Lecce, report sui tumori
sono in aumento i casi

cerano

15 Febbraio 2016

LECCE - «Dobbiamo inserire dentro la decisione politica l’approccio scientifico e prendere le decisioni non in base a una presunta convenienza economica ma in base a studi rigorosi e approfonditi come questo che stiamo presentando oggi. Uno studio che ci restituisce, con un po' di preoccupazione, alcuni dati da esaminare con cautela, soprattutto per quanto riguarda la percentuale dei tumori connessi all’inquinamento ambientale (polmone e vescica) che, in determinate aree, è sopra la media nazionale, e anche regionale». Così il presidente della Regione Puglia, Michele Emiliano, alla presentazione, a Lecce, del «Report ambiente e salute in provincia di Lecce», predisposto da RePOL (Rete per la Prevenzione Oncologica Leccese), oggi CSA Lecce (Centro Salute Ambiente provincia di Lecce). Il percorso che ha portato alla pubblicazione di questo Report parte dal 2013, anno in cui - è stato spiegato - è nata RePOL, come tavolo inter-istituzionale per una azione coordinata e integrata in tema di salute e ambiente tra Asl Lecce, Arpa Puglia, Provincia e Comune di Lecce, Inail, Regione Puglia, Università del Salento e Cnr.

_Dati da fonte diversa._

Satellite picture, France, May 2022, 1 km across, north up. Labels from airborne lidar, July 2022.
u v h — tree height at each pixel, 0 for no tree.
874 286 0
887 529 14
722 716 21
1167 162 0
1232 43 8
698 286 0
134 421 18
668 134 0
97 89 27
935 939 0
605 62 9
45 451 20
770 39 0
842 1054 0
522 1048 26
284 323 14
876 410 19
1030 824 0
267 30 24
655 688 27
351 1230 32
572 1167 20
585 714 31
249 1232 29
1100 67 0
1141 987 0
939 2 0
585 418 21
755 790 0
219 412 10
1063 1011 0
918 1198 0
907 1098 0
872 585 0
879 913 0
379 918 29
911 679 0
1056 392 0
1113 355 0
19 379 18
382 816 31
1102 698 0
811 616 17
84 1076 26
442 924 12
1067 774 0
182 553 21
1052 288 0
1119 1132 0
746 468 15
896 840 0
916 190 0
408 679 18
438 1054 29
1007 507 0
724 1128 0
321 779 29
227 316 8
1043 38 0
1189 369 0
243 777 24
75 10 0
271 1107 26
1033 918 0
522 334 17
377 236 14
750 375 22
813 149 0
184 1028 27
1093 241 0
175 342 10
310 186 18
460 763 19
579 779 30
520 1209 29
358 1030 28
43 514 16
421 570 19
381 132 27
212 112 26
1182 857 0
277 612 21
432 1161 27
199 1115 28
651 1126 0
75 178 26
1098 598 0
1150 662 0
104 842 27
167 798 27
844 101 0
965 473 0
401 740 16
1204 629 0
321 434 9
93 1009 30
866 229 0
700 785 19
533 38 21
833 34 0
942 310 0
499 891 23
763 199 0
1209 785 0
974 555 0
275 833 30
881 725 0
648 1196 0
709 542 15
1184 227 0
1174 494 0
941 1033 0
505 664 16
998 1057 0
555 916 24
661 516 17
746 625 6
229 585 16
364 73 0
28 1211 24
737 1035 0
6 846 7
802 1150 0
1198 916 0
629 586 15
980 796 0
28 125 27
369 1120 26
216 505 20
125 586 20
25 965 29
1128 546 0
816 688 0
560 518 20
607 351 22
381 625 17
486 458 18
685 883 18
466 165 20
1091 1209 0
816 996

«Apparentemente - ha detto il governatore - non ci sono cause di inquinamento ambientale in quelle zone anche se non è da escludere, anzi c'è il fondato sospetto, che siano stati proprio i residui dei fumi dei due impianti a carbone più grandi d’Europa che sorgono in Puglia (Ilva e centrale Enel di Cerano) a raggiungere quelle particolari aree». Di qui la necessità - ribadita dal governatore - «di decarbonizzare Ilva e Cerano».


Sul fronte della salubrità delle acque, dal report emerge che tutte le 139 acque di balneazione sono risultate in classe di qualità «eccellente» e batteriologicamente «incontaminate», anche se le caratteristiche territoriali rendono concreto il rischio di infiltrazione nella falda superficiale e nella falda profonda di inquinanti provenienti da molteplici fonti e dall’uso di prodotti fitosanitari in agricoltura. La fonte primaria di preoccupazione arriva dall’aria. Il report evidenzia una elevata incidenza nei maschi dei tumori polmonari, della vescica e della prostata mentre per le donne l’incidenza riguarda le leucemie e i tumori dello stomaco, dell’utero e del colon-retto. Un aumento di casi registrato soprattutto nella zona centrale della provincia, su Galatina e comuni limitrofi.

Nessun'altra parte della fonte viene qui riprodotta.